Acolhimento e práticas emocionais ajudam muito na saúde mental de todos(as)

Outra instituição de ensino paulistana que focou em atendimento socioemocional foi a Escola Projeto Vida. “Quando começou a quarentena, a gente montou uma comissão de acolhimento formada por pessoas de diversos segmentos. Pensamos em atividades para diferentes públicos: estudantes, famílias e funcionários(as)”, diz Olga Lima, orientadora educacional.

Ela explicou que, no caso dos(as) alunos(as) do Ensino Médio, por exemplo, os conteúdos das aulas de Projeto de Vida foram reestruturados, com práticas emocionais relacionadas à pandemia. “Percebemos que os(as) adolescentes precisavam falar sobre depressão e ansiedade”, diz.

Para os(as) funcionários(as), a escola abriu um momento semanal para escuta, sempre com duas pessoas de plantão para atendimento. Para as famílias, o colégio ofereceu lives sobre os temas escolhidos por elas.

Cuidar do emocional, sempre com inclusão

O Nordeste esteve presente no encontro, com o Instituto Educacional Casa Escola, de Natal (RN). A instituição é referência em inclusão e acolhe estudantes com deficiência. “Cuidar do emocional no dia a dia é construir uma escola mais humanizada”, frisou Priscila Griner, diretora pedagógica.

Ela contou que a escola organizou conselhos de turma, em que estudantes falam sobre assuntos que os(as) incomodam, como solidão, desânimo e desestímulo. “Temos feito um trabalho de acolhimento individual e em grupo, não só para alunos(as), mas para toda a comunidade escolar”, complementou Juliana Guedes de Melo, psicóloga escolar.

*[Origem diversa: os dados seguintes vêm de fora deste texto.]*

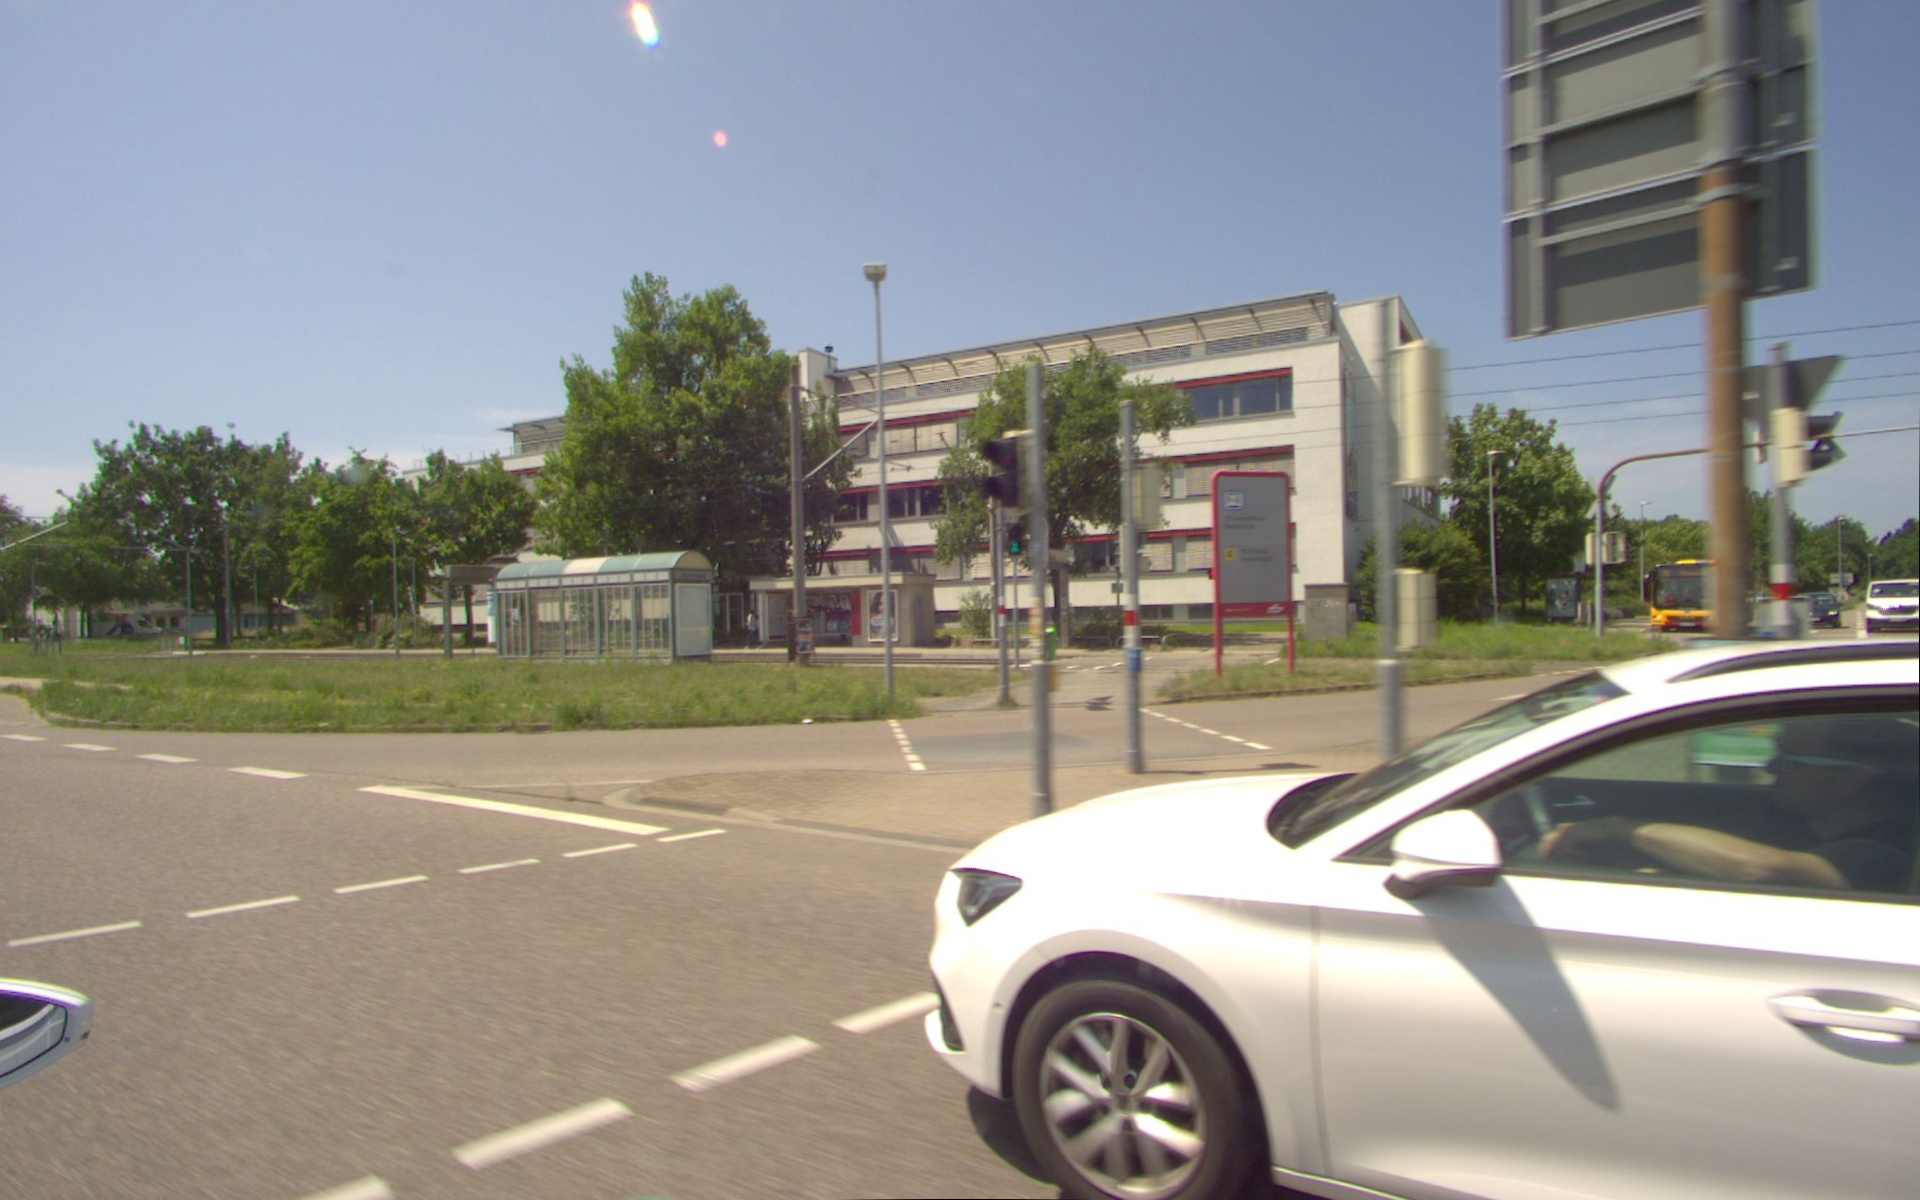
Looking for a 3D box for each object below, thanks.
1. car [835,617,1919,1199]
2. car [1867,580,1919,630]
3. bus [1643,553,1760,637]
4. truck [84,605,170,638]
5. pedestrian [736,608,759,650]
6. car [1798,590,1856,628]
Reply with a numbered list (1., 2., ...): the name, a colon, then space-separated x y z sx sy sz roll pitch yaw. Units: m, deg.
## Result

Leia também: Encante-se: como criar vínculos familiares mais afetuosos e seguros

Um dos caminhos para a saúde mental é a educação pelo afeto

“Quando uma família chega para conhecer nossa escola, já oferecemos café com pão de queijo. A criança ou o(a) adolescente sempre leva um pedacinho do sítio para casa, como os ovos do nosso galinheiro”, contou Rafael Mansur, gestor institucional da 4 Elementos Sítio Escola, da cidade de Contagem (MG). Segundo ele, o foco é a educação pelo afeto.

Mas a retomada das aulas presenciais não foi tão fácil. Rafael relatou que as crianças menores, da Educação Infantil, chegaram assustadas à escola, com medo de pegar Covid, ficar doentes e transmitir o vírus para seus avôs e suas avós. Ficavam com a sensação de culpa. Algumas delas também desenvolveram comportamento exagerado com relação à limpeza.

Para enfrentar essa situação, a escola criou o projeto “Hoje eu posso voltar para o Sítio”, em que prevê um trabalho de conscientização sobre o coronavírus para as crianças da Educação Infantil. “A ideia é passar do abstrato para o concreto, mostrando o que é esse vírus invisível, por meio de representações”.

Já para o Ensino Fundamental, a instituição tem o projeto Rizoma. Antes da pandemia, uma vez por semana, os(as) estudantes conversavam sobre diversos problemas enquanto faziam atividades sustentáveis na terra, na estufa ou na composteira. Durante a pandemia, o projeto está ocorrendo de forma on-line. A ideia é retomar as atividades na volta às aulas presenciais.